• [What needs to be done] Task for the records below: copy exactly from the first line on, stopping once the line with "C address, an</text>" is copied, and leave out the pictures.

• [Dataset content]
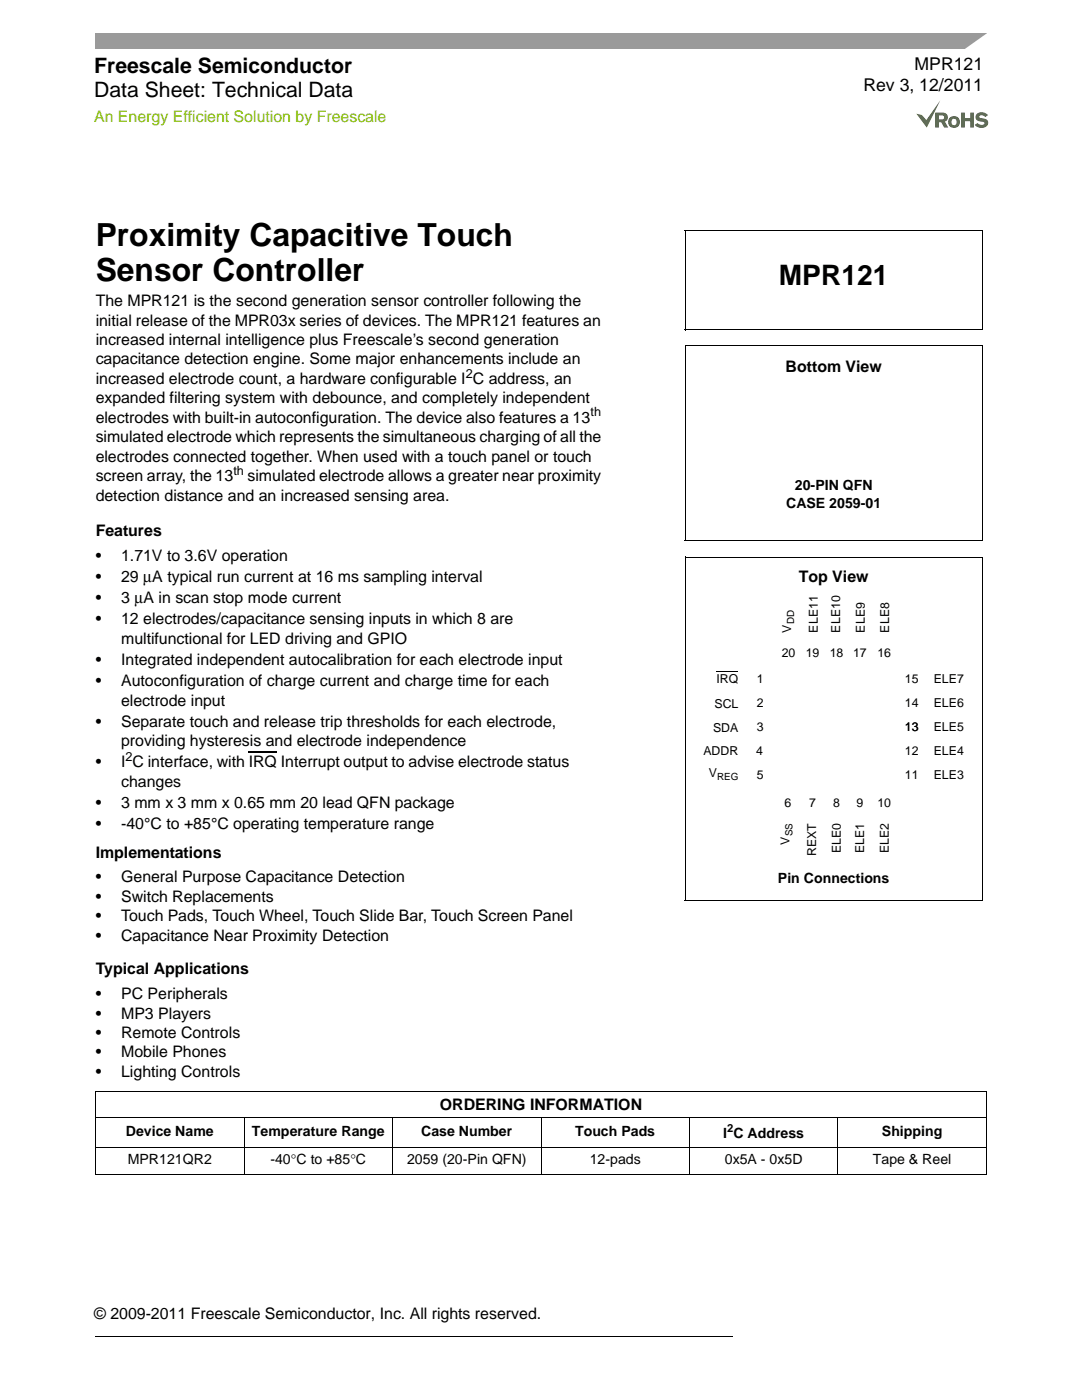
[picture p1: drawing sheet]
<svg xmlns="http://www.w3.org/2000/svg" width="216mm" height="279mm" viewBox="0 0 216 279" stroke-linecap="round" stroke-linejoin="round" font-family="sans-serif">
<defs><g id="words">
<g font-size="6.3">
<text x="19.1" y="49.1">Proximity Capacitive Touch</text>
<text x="19.1" y="56.2">Sensor Controller</text>
</g>
<text font-size="5.6" x="155.4" y="56.9">MPR121</text>
<g font-size="4.2">
<text x="18.8" y="14.5">Freescale Semiconductor</text>
<text x="18.8" y="19.4">Data Sheet: Technical Data</text>
</g>
<g font-size="3.5">
<text x="182.5" y="13.9">MPR121</text>
<text x="172.3" y="18.2">Rev 3, 12/2011</text>
</g>
<text font-size="3.2" fill="#87bf00" x="18.8" y="24.4">An Energy Efficient Solution by Freescale</text>
<g font-size="3.2">
<text x="19.1" y="61.1">The MPR121 is the second generation sensor controller following the</text>
<text x="19.1" y="65">initial release of the MPR03x series of devices. The MPR121 features an</text>
<text x="19.1" y="68.9">increased internal intelligence plus Freescale’s second generation</text>
<text x="19.1" y="72.7">capacitance detection engine. Some major enhancements include an</text>
<text x="19.1" y="76.6">increased electrode count, a hardware configurable I C address, an</text>
<text x="156.8" y="74.1">Bottom View</text>
<text x="19.1" y="80.5">expanded filtering system with debounce, and completely independent</text>
<text x="19.1" y="88.3">simulated electrode which represents the simultaneous charging of all the</text>
<text x="19.1" y="84.4">electrodes with built-in autoconfiguration. The device also features a 13</text>
<text x="19.1" y="92.1">electrodes connected together. When used with a touch panel or touch</text>
<text x="19.1" y="96">screen array, the 13</text>
<text x="19.1" y="99.9">detection distance and an increased sensing area.</text>
<text x="49.4" y="96">simulated electrode allows a greater near proximity</text>
<text x="19.1" y="107">Features</text>
<text x="19.1" y="111.9">•</text>
<text x="24.2" y="111.9">1.71V to 3.6V operation</text>
<text x="19.1" y="116.1">•</text>
<text x="24.2" y="116.1">29 μA typical run current at 16 ms sampling interval</text>
<text x="159.4" y="116.2">Top View</text>
<text x="19.1" y="124.6">•</text>
<text x="19.1" y="120.4">•</text>
<text x="24.2" y="124.6">12 electrodes/capacitance sensing inputs in which 8 are</text>
<text x="24.2" y="120.4">3 μA in scan stop mode current</text>
<text x="24.2" y="128.5">multifunctional for LED driving and GPIO</text>
<text x="19.1" y="132.7">•</text>
<text x="19.1" y="136.9">•</text>
<text x="24.2" y="132.7">Integrated independent autocalibration for each electrode input</text>
<text x="24.2" y="136.9">Autoconfiguration of charge current and charge time for each</text>
<text x="24.2" y="140.8">electrode input</text>
<text x="19.1" y="145">•</text>
<text x="24.2" y="145">Separate touch and release trip thresholds for each electrode,</text>
<text x="24.2" y="148.9">providing hysteresis and electrode independence</text>
<text x="19.1" y="153.2">•</text>
<text x="24.2" y="153.2">I C interface, with IRQ Interrupt output to advise electrode status</text>
<text x="19.1" y="161.3">•</text>
<text x="24.2" y="161.3">3 mm x 3 mm x 0.65 mm 20 lead QFN package</text>
<text x="24.2" y="157.1">changes</text>
<text x="19.1" y="165.5">•</text>
<text x="24.2" y="165.5">-40°C to +85°C operating temperature range</text>
<text x="19.1" y="171.2">Implementations</text>
<text x="19.1" y="176.1">•</text>
<text x="19.1" y="180">•</text>
<text x="24.2" y="180">Switch Replacements</text>
<text x="24.2" y="176.1">General Purpose Capacitance Detection</text>
<text x="19.1" y="183.9">•</text>
<text x="24.2" y="183.9">Touch Pads, Touch Wheel, Touch Slide Bar, Touch Screen Panel</text>
<text x="19.1" y="187.7">•</text>
<text x="24.2" y="187.7">Capacitance Near Proximity Detection</text>
<text x="19.1" y="194.4">Typical Applications</text>
<text x="19.1" y="199.4">•</text>
<text x="19.1" y="203.3">•</text>
<text x="24.2" y="199.4">PC Peripherals</text>
<text x="24.2" y="203.3">MP3 Players</text>
<text x="19.1" y="207.2">•</text>
<text x="24.2" y="207.2">Remote Controls</text>
<text x="19.1" y="211">•</text>
<text x="19.1" y="214.9">•</text>
<text x="24.2" y="211">Mobile Phones</text>
<text x="24.2" y="214.9">Lighting Controls</text>
<text x="87.8" y="221.6">ORDERING INFORMATION</text>
<text x="18.8" y="263.2">© 2009-2011 Freescale Semiconductor, Inc. All rights reserved.</text>
</g>
<g font-size="2.8">
<text x="156.9" y="101.3">CASE 2059-01</text>
<text x="158.6" y="97.8">20-PIN QFN</text>
<text x="155.2" y="176.2">Pin Connections</text>
<text x="25.1" y="226.7">Device Name</text>
<text x="50.3" y="226.7">Temperature Range</text>
<text x="84" y="226.7">Case Number</text>
<text x="114.7" y="226.7">Touch Pads</text>
<text x="144.3" y="227.1">I C Address</text>
<text x="176" y="226.7">Shipping</text>
<text x="25.5" y="232.4">MPR121QR2</text>
<text x="54" y="232.4">-40°C to +85°C</text>
<text x="81.2" y="232.4">2059 (20-Pin QFN)</text>
<text x="117.7" y="232.4">12-pads</text>
<text x="144.6" y="232.4">0x5A - 0x5D</text>
<text x="174.2" y="232.4">Tape &amp; Reel</text>
</g>
<g font-size="2.5">
<text x="92.9" y="75.4">2</text>
<text x="117.8" y="83.1">th</text>
<text x="46.6" y="94.7">th</text>
<text x="156" y="131.1">20</text>
<text x="157.8" y="126.2" transform="rotate(-90 157.8 126.2)">V</text>
<text x="160.8" y="131.1">19</text>
<text x="163.2" y="126.2" transform="rotate(-90 163.2 126.2)">ELE11</text>
<text x="165.6" y="131.1">18</text>
<text x="167.7" y="126.2" transform="rotate(-90 167.7 126.2)">ELE10</text>
<text x="170.2" y="131.1">17</text>
<text x="172.6" y="126.2" transform="rotate(-90 172.6 126.2)">ELE9</text>
<text x="175.1" y="131.1">16</text>
<text x="177.4" y="126.2" transform="rotate(-90 177.4 126.2)">ELE8</text>
<text x="143" y="136.4">IRQ</text>
<text x="151" y="136.3">1</text>
<text x="180.6" y="136.3">15</text>
<text x="186.3" y="136.4">ELE7</text>
<text x="142.6" y="141.2">SCL</text>
<text x="151" y="141.1">2</text>
<text x="180.6" y="141.1">14</text>
<text x="186.3" y="141.1">ELE6</text>
<text x="142.3" y="146">SDA</text>
<text x="151" y="145.9">3</text>
<text x="180.6" y="145.9">13</text>
<text x="186.3" y="145.9">ELE5</text>
<text x="25" y="151.9">2</text>
<text x="140.4" y="150.8">ADDR</text>
<text x="141.4" y="155.1">V</text>
<text x="150.9" y="150.7">4</text>
<text x="151" y="155.4">5</text>
<text x="180.6" y="150.7">12</text>
<text x="180.6" y="155.4">11</text>
<text x="186.3" y="150.7">ELE4</text>
<text x="186.3" y="155.5">ELE3</text>
<text x="156.5" y="161.1">6</text>
<text x="161.4" y="161.1">7</text>
<text x="166.3" y="161.1">8</text>
<text x="170.9" y="161.1">9</text>
<text x="175.1" y="161.1">10</text>
<text x="157.5" y="168.6" transform="rotate(-90 157.5 168.6)">V</text>
<text x="162.9" y="170.9" transform="rotate(-90 162.9 170.9)">REXT</text>
<text x="167.7" y="170.3" transform="rotate(-90 167.7 170.3)">ELE0</text>
<text x="172.4" y="170.3" transform="rotate(-90 172.4 170.3)">ELE1</text>
<text x="177.4" y="170.3" transform="rotate(-90 177.4 170.3)">ELE2</text>
</g>
<text font-size="2.2" x="145.1" y="225.9">2</text>
<g font-size="2">
<text x="158.5" y="124.6" transform="rotate(-90 158.5 124.6)">DD</text>
<text x="143.1" y="155.7">REG</text>
<text x="158.1" y="166.9" transform="rotate(-90 158.1 166.9)">SS</text>
</g>
</g></defs>
<path d="M19 6.6h177.8v3.2h-177.8z" fill="#9a9a9a"/>
<path d="M192 10.2l5.3-3.8h1.5v3.8z" fill="#fff"/>
<path d="M146 266.6l.1 .1z" fill="#000"/>
<path d="M19 266.6h127" fill="none" stroke="#000" stroke-width=".2"/>
<path d="M152.9 255h44v12.8h-44z" fill="#fff"/>
<path d="M49.6 150.2h5.7" fill="none" stroke="#000" stroke-width=".23"/>
<path d="M19 217.7h177.9M19.1 217.8v16.5M196.8 217.8v16.5M19 223h177.9M19 229.1h177.9M19 234.4h177.9M48.7 222.9v11.5M78.3 222.9v11.5M108 222.9v11.5M137.6 222.9v11.5M167.2 222.9v11.5" fill="none" stroke="#000" stroke-width=".2"/>
<g fill="#fff">
<path d="M155.9 78.1h20.9v14.2h-20.9z"/>
<path d="M148.8 127h36.2v36.3h-36.2z"/>
</g>
<g fill="none" stroke="#000" stroke-width=".2">
<path d="M136.7 45.9v19.9M136.7 46h59.4M196 46v19.9M136.6 65.8h59.4M136.7 68.8v39M136.7 68.9h59.4M196 68.9v39M136.6 107.8h59.4M136.7 111.1v68.5M136.7 111.2h59.4M196 111.2v68.5M143 134.1h4.3"/>
<path d="M136.6 179.6h59.4"/>
</g>
<path d="M136.6 45.9l.1 .2zM195.9 45.9l.2 .1zM136.6 65.8l.2 .1zM196 65.7l.1 .2z" fill="#000"/>
<path d="M182.9 20h14.3v5.5h-14.3z" fill="#fff"/>
<g fill="#49742a">
<path d="M191.8 22.5h.7v1.1h1.1v-1.1h.7v3h-.7v-1.3h-1.1v1.3h-.7z"/>
<path d="M194.9 22.7a1.67 1.67 0 0 1 2.2 .3l-.5 .4a.73 .73 0 0 0-1.2-.1l.2 .2a2.23 2.23 0 0 1 1.5 .7 1.18 1.18 0 0 1-.4 1.2 1.18 1.18 0 0 1-1.3 .1l-.5-.2-.4-.4 .6-.3a.84 .84 0 0 0 1.4 0l-.2-.2a2.03 2.03 0 0 1-1.6-.7v-.5z"/>
<path d="M182.9 22.7l1 .3 .9 1 2.8-4-2.7 5.5z"/>
<path d="M186.6 22.5h1.3a.94 .94 0 0 1 1.2 .6 .94 .94 0 0 1-.6 1.2l.7 1.2h-.8l-.6-1.1h-.4v1.1h-.8zM187.3 23v.8l1-.1v-.6z"/>
<path d="M189.2 24.4a1.2 1.2 0 0 1 2.4 0 1.2 1.2 0 0 1-2.4 0zM190 23.9a.59 .59 0 0 0 0 .9 .59 .59 0 0 0 .9-.2 .58 .58 0 0 0-.2-.8 .58 .58 0 0 0-.7 .1z"/>
</g>
<use href="#words"/>
</svg>

• [Solution to this problem]
[picture p1: drawing sheet]
<svg xmlns="http://www.w3.org/2000/svg" width="216mm" height="279mm" viewBox="0 0 216 279" stroke-linecap="round" stroke-linejoin="round" font-family="sans-serif">
<defs><g id="words">
<g font-size="6.3">
<text x="19.1" y="49.1">Proximity Capacitive Touch</text>
<text x="19.1" y="56.2">Sensor Controller</text>
</g>
<text font-size="5.6" x="155.4" y="56.9">MPR121</text>
<g font-size="4.2">
<text x="18.8" y="14.5">Freescale Semiconductor</text>
<text x="18.8" y="19.4">Data Sheet: Technical Data</text>
</g>
<g font-size="3.5">
<text x="182.5" y="13.9">MPR121</text>
<text x="172.3" y="18.2">Rev 3, 12/2011</text>
</g>
<text font-size="3.2" fill="#87bf00" x="18.8" y="24.4">An Energy Efficient Solution by Freescale</text>
<g font-size="3.2">
<text x="19.1" y="61.1">The MPR121 is the second generation sensor controller following the</text>
<text x="19.1" y="65">initial release of the MPR03x series of devices. The MPR121 features an</text>
<text x="19.1" y="68.9">increased internal intelligence plus Freescale’s second generation</text>
<text x="19.1" y="72.7">capacitance detection engine. Some major enhancements include an</text>
<text x="19.1" y="76.6">increased electrode count, a hardware configurable I C address, an</text>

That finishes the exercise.